Sod Shock Tube
The Sod shock tube is the classic test problem for compressible flow solvers. It consists of a 1D Riemann problem with a high-pressure region on the left and a low-pressure region on the right, separated by a diaphragm at $x = 0.5$. The resulting wave structure includes a left-moving rarefaction fan, a right-moving contact discontinuity, and a right-moving shock wave.
Problem Setup
The 1D Euler equations are:
\[\pdv{}{t}\begin{pmatrix}\rho \\ \rho v \\ E\end{pmatrix} + \pdv{}{x}\begin{pmatrix}\rho v \\ \rho v^2 + P \\ (E+P)v\end{pmatrix} = 0,\]
with initial conditions:
\[(\rho, v, P) = \begin{cases}(1, 0, 1) & x < 0.5,\\(0.125, 0, 0.1) & x \geq 0.5.\end{cases}\]
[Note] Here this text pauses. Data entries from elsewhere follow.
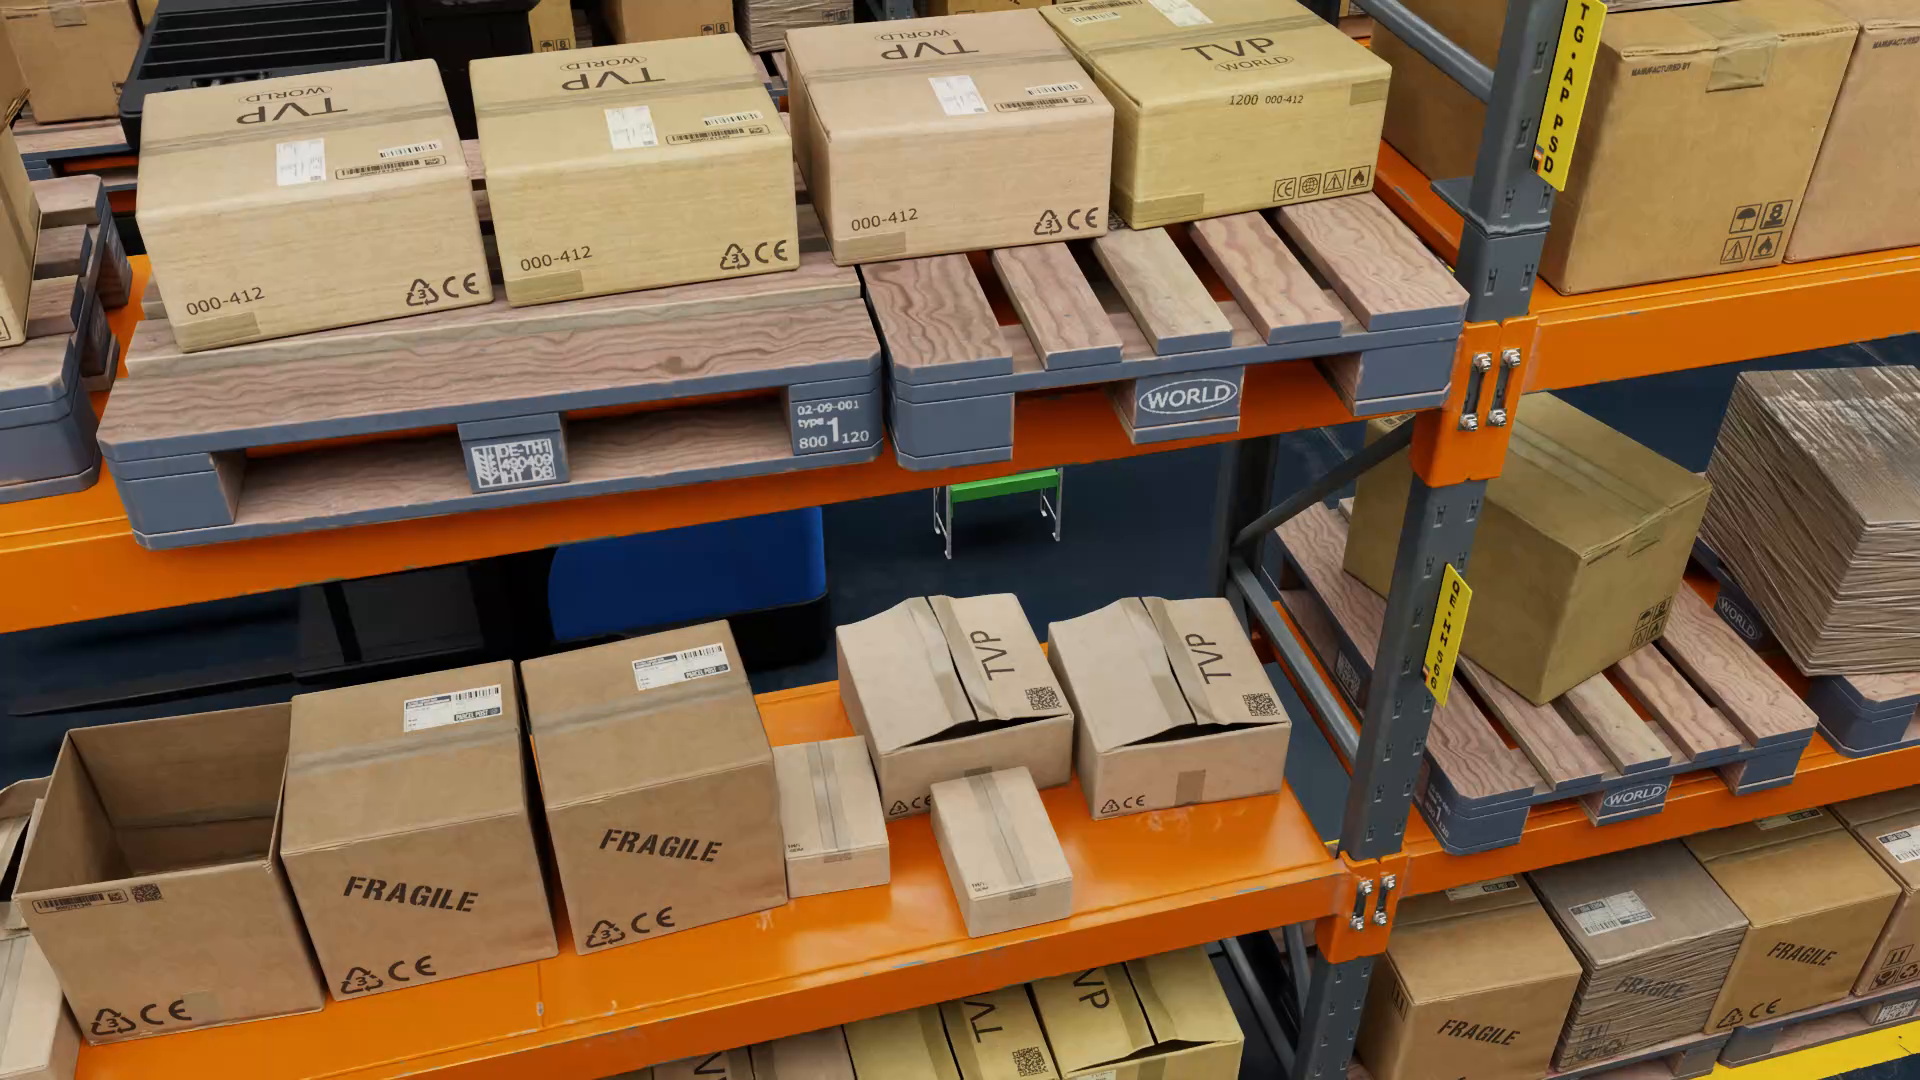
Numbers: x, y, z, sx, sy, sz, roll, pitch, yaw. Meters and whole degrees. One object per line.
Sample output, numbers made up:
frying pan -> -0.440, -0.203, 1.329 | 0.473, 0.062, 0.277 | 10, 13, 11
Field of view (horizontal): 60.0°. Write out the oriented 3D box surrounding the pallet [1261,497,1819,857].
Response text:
pallet -> 1.527, 0.269, 4.587 | 1.003, 0.211, 1.213 | -9, 38, -12

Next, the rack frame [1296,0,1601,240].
rack frame -> 0.891, -2.041, 2.512 | 0.127, 3.000, 1.000 | -9, 38, -12

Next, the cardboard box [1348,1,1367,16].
cardboard box -> 2.101, -2.981, 8.334 | 0.500, 0.500, 0.500 | -9, 38, -12

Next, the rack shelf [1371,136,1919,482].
rack shelf -> 2.822, -0.881, 4.056 | 4.000, 0.370, 1.077 | -9, 38, -12

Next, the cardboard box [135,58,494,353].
cardboard box -> -1.109, -0.590, 2.862 | 0.500, 0.250, 0.500 | -12, 39, -16

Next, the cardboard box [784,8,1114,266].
cardboard box -> -0.033, -0.758, 3.082 | 0.500, 0.250, 0.500 | -8, 38, -11

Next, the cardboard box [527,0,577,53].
cardboard box -> -2.052, -2.487, 7.588 | 0.500, 0.500, 0.700 | -9, 38, -12

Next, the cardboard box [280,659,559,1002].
cardboard box -> -1.233, 0.661, 3.835 | 0.500, 0.500, 0.500 | -9, 38, -12

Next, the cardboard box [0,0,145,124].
cardboard box -> -3.765, -2.205, 7.219 | 0.500, 0.500, 0.700 | -9, 38, -12

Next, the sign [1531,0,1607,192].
sign -> 1.028, -0.760, 2.815 | 0.005, 0.325, 0.100 | -9, 38, -12

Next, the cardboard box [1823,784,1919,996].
cardboard box -> 2.897, 1.007, 5.160 | 0.500, 0.500, 0.500 | -11, 39, -13

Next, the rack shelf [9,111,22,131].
rack shelf -> -6.196, -1.327, 7.108 | 4.000, 0.370, 1.077 | -9, 38, -12

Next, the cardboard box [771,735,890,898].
cardboard box -> -0.325, 0.676, 4.104 | 0.250, 0.149, 0.380 | -7, 38, -9

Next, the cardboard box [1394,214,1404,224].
cardboard box -> 2.007, -2.188, 9.065 | 0.750, 0.750, 0.750 | -8, 38, -11

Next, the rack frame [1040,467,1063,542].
rack frame -> 0.395, -0.541, 6.970 | 0.015, 1.200, 0.240 | -9, 38, -12

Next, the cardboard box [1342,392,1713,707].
cardboard box -> 1.470, -0.031, 4.393 | 0.500, 0.500, 0.700 | -23, 43, -27

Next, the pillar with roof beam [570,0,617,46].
pillar with roof beam -> -0.762, -2.722, 3.403 | 0.400, 9.000, 9.100 | -9, 38, -12

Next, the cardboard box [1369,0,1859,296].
cardboard box -> 1.304, -0.978, 3.509 | 0.500, 0.500, 0.910 | -9, 38, -12

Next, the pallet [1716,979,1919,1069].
pallet -> 2.797, 1.162, 5.557 | 1.213, 0.211, 1.003 | -9, 38, -12

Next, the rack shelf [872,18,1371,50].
rack shelf -> 1.527, -2.594, 8.765 | 4.000, 0.370, 1.077 | -9, 38, -12

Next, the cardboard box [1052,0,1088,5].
cardboard box -> 0.640, -2.734, 8.011 | 0.500, 0.500, 0.500 | -8, 38, -10

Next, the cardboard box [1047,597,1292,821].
cardboard box -> 0.529, 0.409, 4.320 | 0.500, 0.311, 0.500 | -7, 38, -9

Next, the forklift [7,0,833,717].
forklift -> -2.084, -0.773, 5.848 | 3.031, 2.935, 1.130 | -9, 38, -11

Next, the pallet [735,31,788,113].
pallet -> -1.064, -2.312, 7.961 | 1.003, 0.211, 1.213 | -9, 38, -12

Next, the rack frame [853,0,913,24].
rack frame -> -0.404, -2.563, 8.132 | 0.127, 3.000, 1.000 | -9, 38, -12

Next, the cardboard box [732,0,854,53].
cardboard box -> -0.855, -2.698, 7.863 | 0.500, 0.500, 0.700 | -14, 40, -17

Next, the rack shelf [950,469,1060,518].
rack shelf -> 0.160, -0.261, 7.104 | 0.480, 0.148, 0.258 | -9, 38, -12

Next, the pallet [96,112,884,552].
pallet -> -0.819, -0.436, 3.038 | 1.213, 0.211, 1.003 | -8, 38, -10

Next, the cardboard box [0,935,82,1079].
cardboard box -> -2.062, 1.055, 3.609 | 0.250, 0.149, 0.380 | -9, 38, -12

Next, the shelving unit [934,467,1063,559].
shelving unit -> 0.160, -0.503, 6.920 | 0.503, 1.200, 0.258 | -9, 38, -12

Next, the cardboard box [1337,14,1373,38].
cardboard box -> 1.967, -2.710, 8.514 | 0.250, 0.149, 0.380 | -10, 39, -13

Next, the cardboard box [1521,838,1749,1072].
cardboard box -> 1.909, 1.169, 4.948 | 0.500, 0.500, 0.500 | -11, 39, -14

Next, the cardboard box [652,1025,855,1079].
cardboard box -> -0.538, 1.436, 4.360 | 0.500, 0.311, 0.500 | -10, 38, -12

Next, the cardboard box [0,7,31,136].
cardboard box -> -1.821, -0.800, 2.518 | 0.500, 0.500, 0.500 | -6, 38, -8

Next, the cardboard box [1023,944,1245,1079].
cardboard box -> 0.450, 1.272, 4.575 | 0.500, 0.311, 0.500 | -8, 38, -11

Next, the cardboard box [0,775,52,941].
cardboard box -> -2.169, 0.782, 3.870 | 0.258, 0.266, 0.396 | -10, 39, -13

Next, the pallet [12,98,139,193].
pallet -> -3.490, -1.889, 7.409 | 1.213, 0.211, 1.003 | -9, 38, -12

We begin by loading the package and defining the problem.
using FiniteVolumeMethod
using StaticArrays
gamma = 1.4
eos = IdealGasEOS(gamma)
law = EulerEquations{1}(eos)FiniteVolumeMethod.EulerEquations{1, FiniteVolumeMethod.IdealGasEOS{Float64}}(FiniteVolumeMethod.IdealGasEOS{Float64}(1.4))Define the left and right primitive states $(\rho, v, P)$:
wL = SVector(1.0, 0.0, 1.0)
wR = SVector(0.125, 0.0, 0.1)3-element StaticArraysCore.SVector{3, Float64} with indices SOneTo(3):
0.125
0.0
0.1Set up the mesh, boundary conditions, and initial condition:
N = 200
mesh = StructuredMesh1D(0.0, 1.0, N)
bc_left = DirichletHyperbolicBC(wL)
bc_right = DirichletHyperbolicBC(wR)FiniteVolumeMethod.DirichletHyperbolicBC{3, Float64}([0.125, 0.0, 0.1])The initial condition places the diaphragm at $x = 0.5$:
ic(x) = x < 0.5 ? wL : wRic (generic function with 1 method)Solving with HLLC + MUSCL
We use the HLLC Riemann solver (which resolves the contact discontinuity) with MUSCL reconstruction using the minmod limiter for second-order accuracy.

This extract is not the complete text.